Copying human behavior has obvious value for making robots that can move in sophisticated ways. But mimicking humans is nowhere near possible with current robotics, which struggle to achieve even basic movements.
New research by artificial intelligence scientists at the University of California at Berkeley may point the way to more effective mimicry. Researchers were able to get a computer-simulated humanoid figure to ape human movements, from back-flips to "Gangnam Style" dance moves, just by feeding the computer YouTube video clips.
The researchers trained a "deep" neural network, using what's known as reinforcement learning, where the humanoid figure in the computer program is rewarded as its limbs increasingly approximate the motion of a human in a video. It's a bit like how Google trained its "AlphaGo" program to find optimal solutions to the strategy game Go.
Such work has been done before, but usually with more controlled types of video, never by just cramming the computer full of YouTube clips.
The research, available on the arXiv pre-print server, which is to appear in the Association for Computing Machinery's Transactions on Graphics journal next month, is authored by Xue Bin Peng, Angjoo Kanazawa, Pieter Abbeel, and Sergey Levine, all of UC Berkeley, along with Jitendra Malik of the University of British Columbia. Levine's lab is doing extensive work on robot training, so his involvement in the report is significant. (There's also a nice blog post about the work.)
The authors took their cue from the big-budget movie technique known as motion capture. In motion capture, a human actor is filmed from multiple angles performing various movements while wearing a suit filed with reflective "markers." The markers enable the computer to build a model of the points in space of each limb.
Motion capture has led to brilliant computer-generated characters in big-budget films. In "The Lord of the Rings" trilogy, actor Andy Serkis famously "performed" as the character Gollum by being filmed extensively wearing the motion-capture suit. (Lead animator Joe Letteri penned an excellent essay about the process in Nature magazine in 2013.)
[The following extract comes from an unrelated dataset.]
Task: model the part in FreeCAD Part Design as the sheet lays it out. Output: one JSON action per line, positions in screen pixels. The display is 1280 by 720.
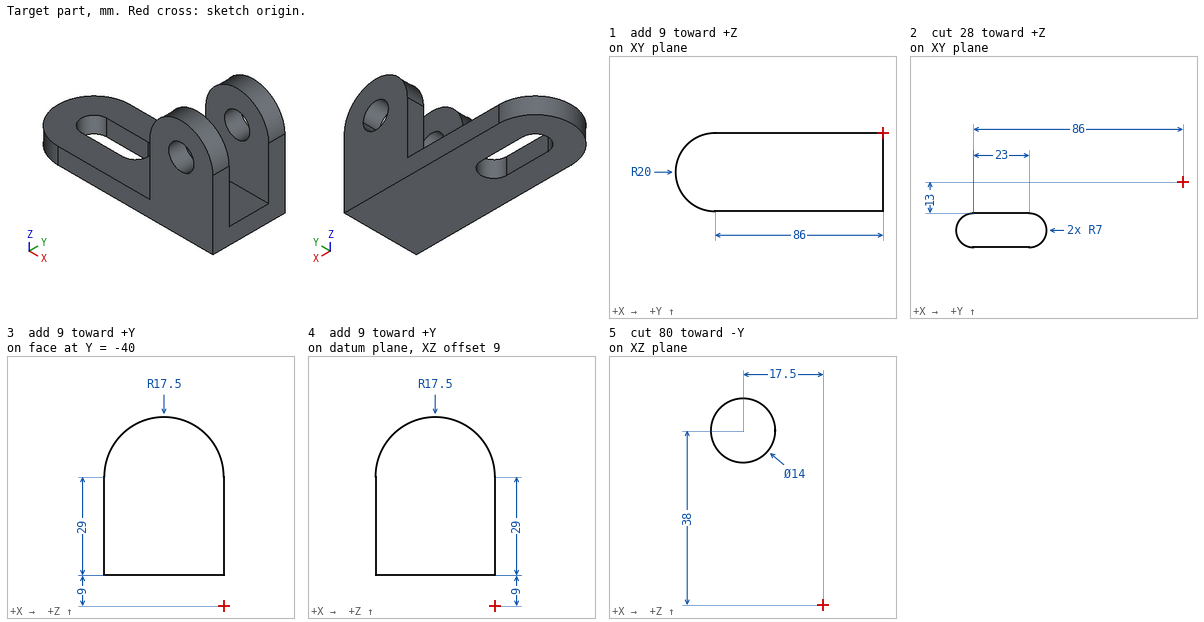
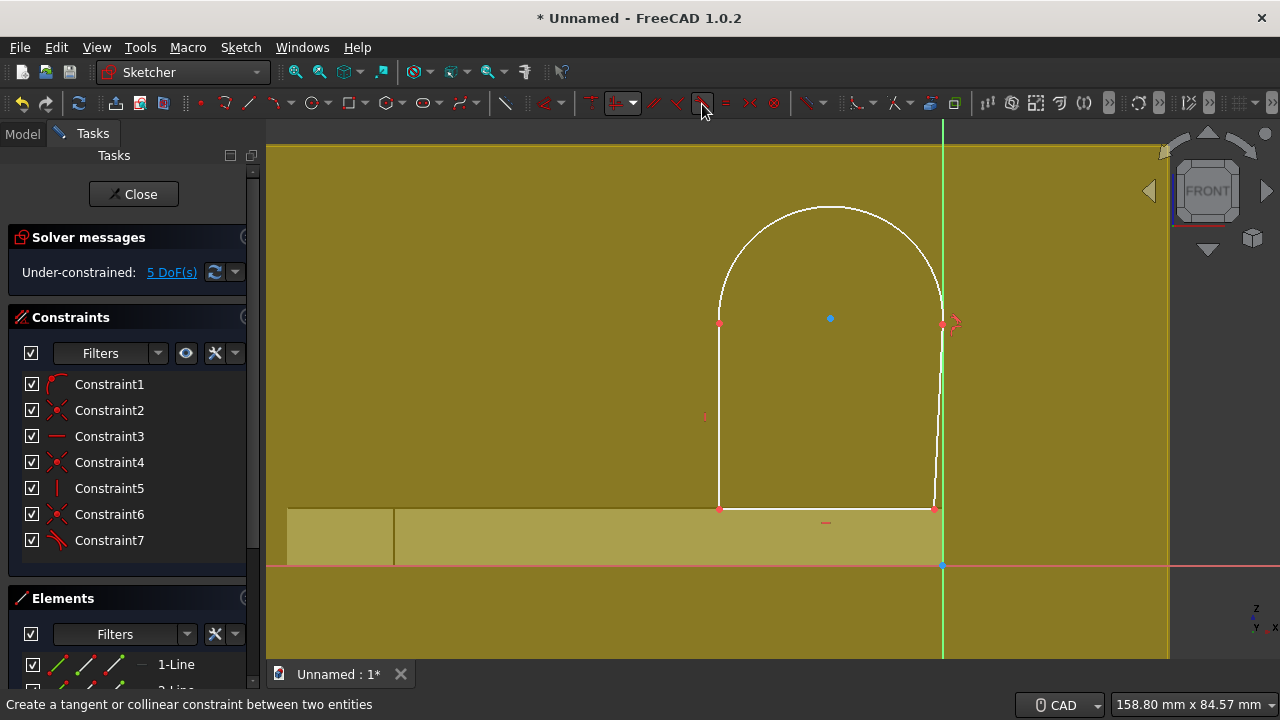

But motion capture is expensive, obviously, requiring special suits, the camera set up, the facilities, etc.
The Berkeley scientists found something simpler: track movements without any markers by feeding AI on YouTube videos.
Peng and colleagues earlier this year offered up a system called "DeepMimic" that still relied on motion capture. Switching to raw YouTube video is therefore an ambitious departure. The only other previous study that relied on such video, from 2012, still resorted to using some "prior" information drawn from motion-capture. And that study produced simulated motion that was too "robotic."
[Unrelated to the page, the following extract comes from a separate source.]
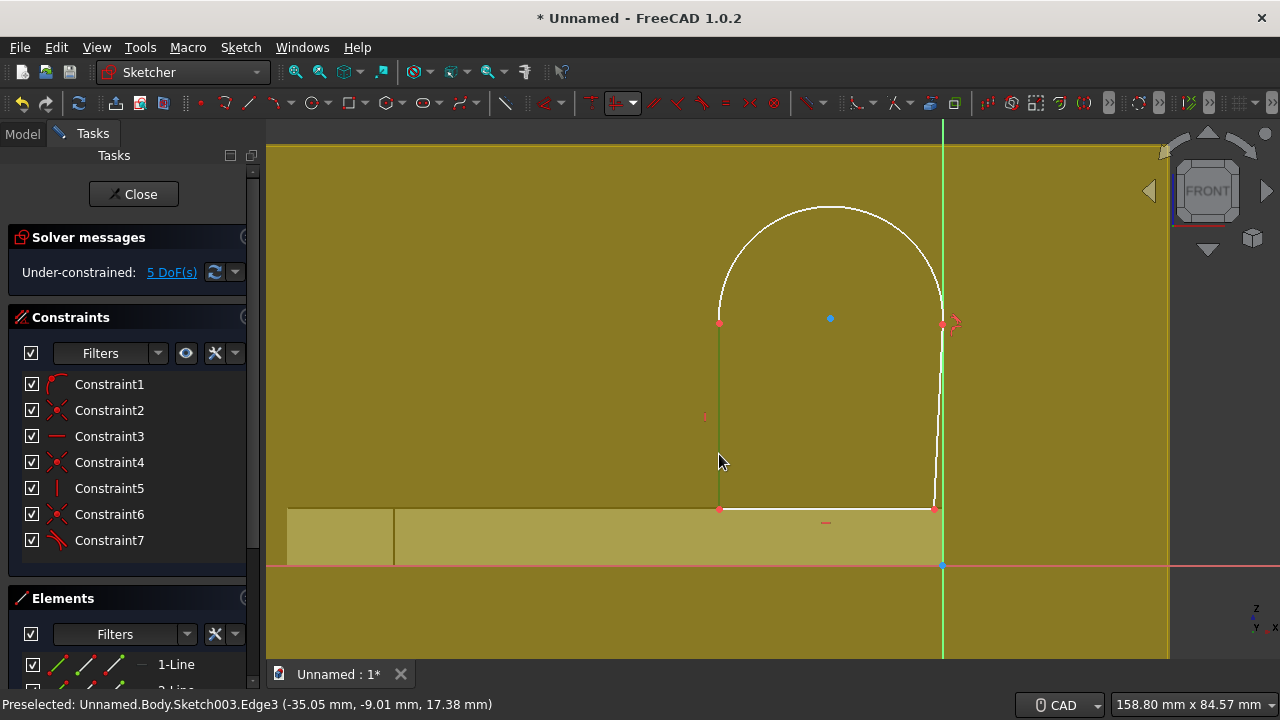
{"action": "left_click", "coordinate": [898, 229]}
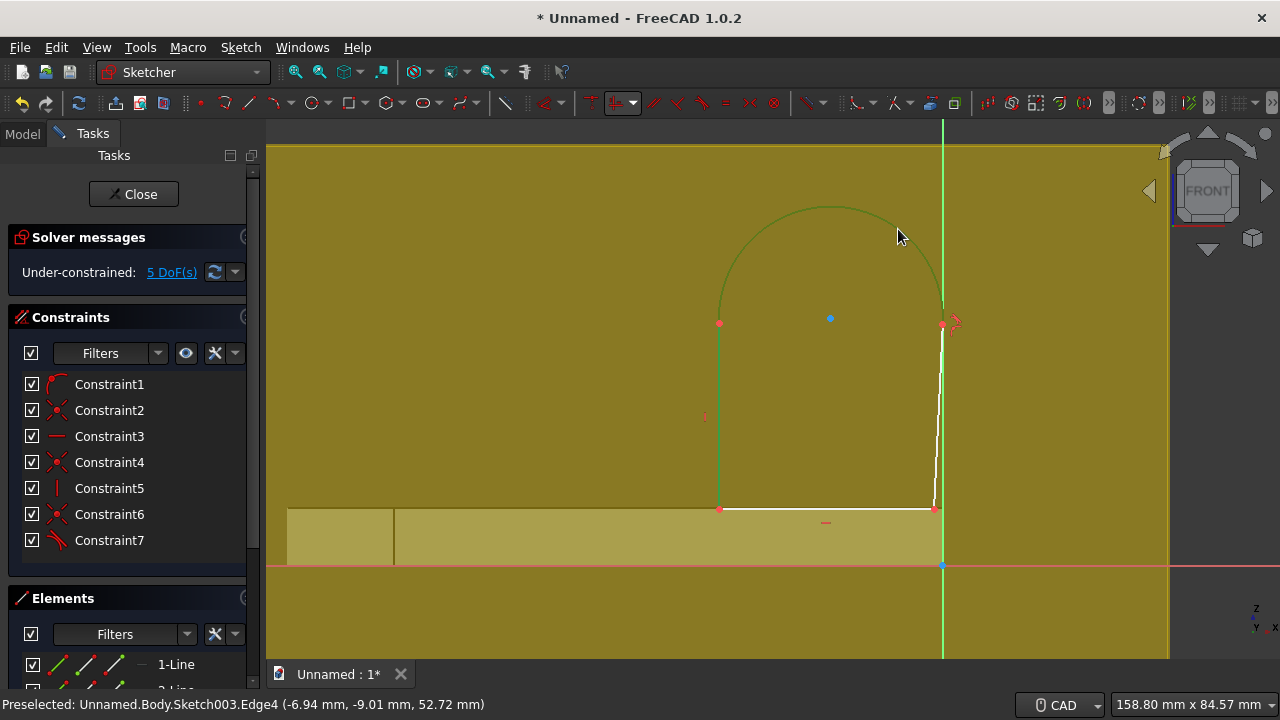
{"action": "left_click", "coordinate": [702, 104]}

The new research takes two stages. First, a neural net "reconstructs" what the human in the YouTube video is doing. The authors drew on work from 2014 by Google researchers in which a single image of a person could be analyzed by a convolutional neural net, or CNN, and the position of limbs could be deciphered even though body parts were only partly visible in the image.
Peng and colleagues, in the present study, added a twist: They rotated the image of each frame. By doing so, the computer got better at understanding unusual positions of the human body, such as when someone is upside-down during a back-flip. Each of these "poses" were assembled into a "trajectory" of limbs from one frame to the next, to reconstruct the entire movement of the human in the video.
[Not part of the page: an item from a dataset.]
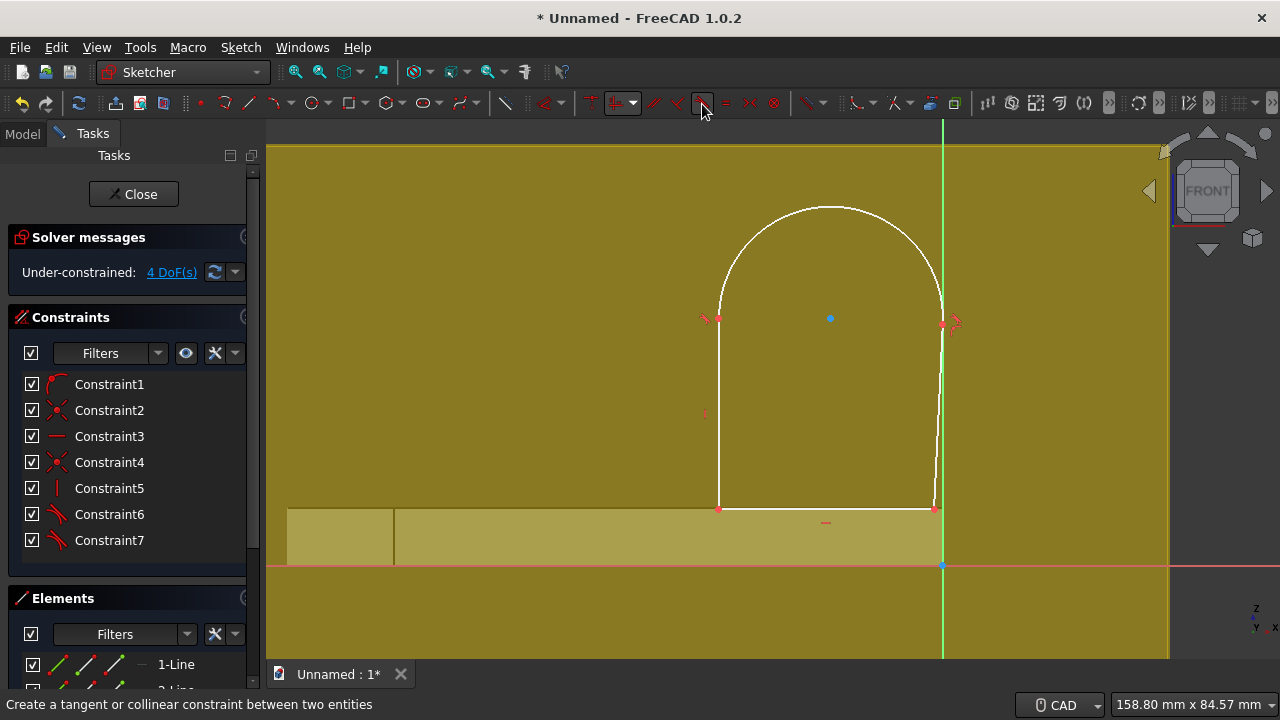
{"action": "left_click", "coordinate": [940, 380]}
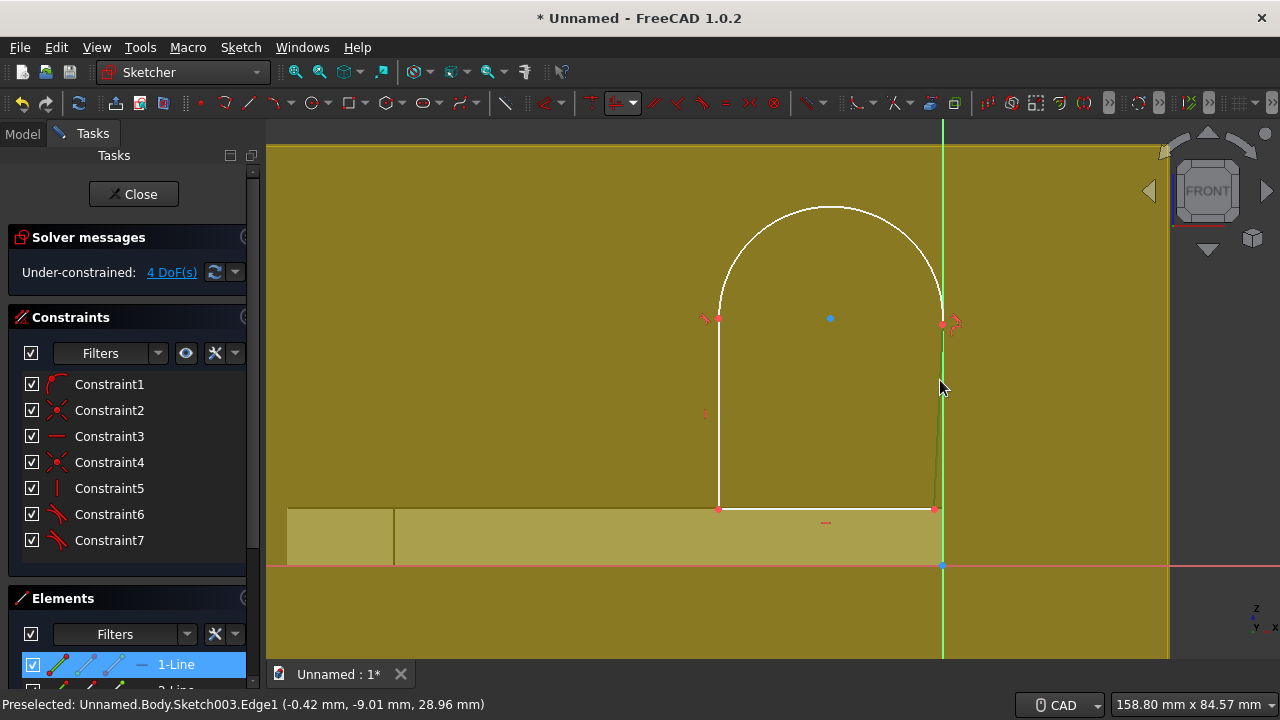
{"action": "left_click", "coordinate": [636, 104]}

Once a jumping-jack or a back-flip motion was reconstructed, the second stage took place: A computer-simulated humanoid "character" was made to replicate that movement. The reinforcement learning system gains "rewards" during the training phase as it more accurately copies the movements.
A video of the results, on YouTube, of course, is quite fun to watch!
The AI algorithms got so good, they could predict from a single frame of video what movement an acrobat might carry out in subsequent video frames.
While all of this is a computer simulation, there are tantalizing suggestions that pertain to robotics. When reconstructing the human motions, the authors created one version of the simulation that uses not a humanoid but instead a simulated version of the "Atlas" robots made by Boston Dynamics, complete with the weight (375 pounds) and height (6 feet) of the robot.
There are limits to what the computer can copy, the authors found. In particular, their animated character didn't do an entirely credible job copying the Gangnam Style dance. It also struggled with what's called a "kip up," where a person starts out on their back and flips their legs over their head to reach a standing position. "We have yet to be able to train policies that can closely reproduce such nimble motions," the authors concede.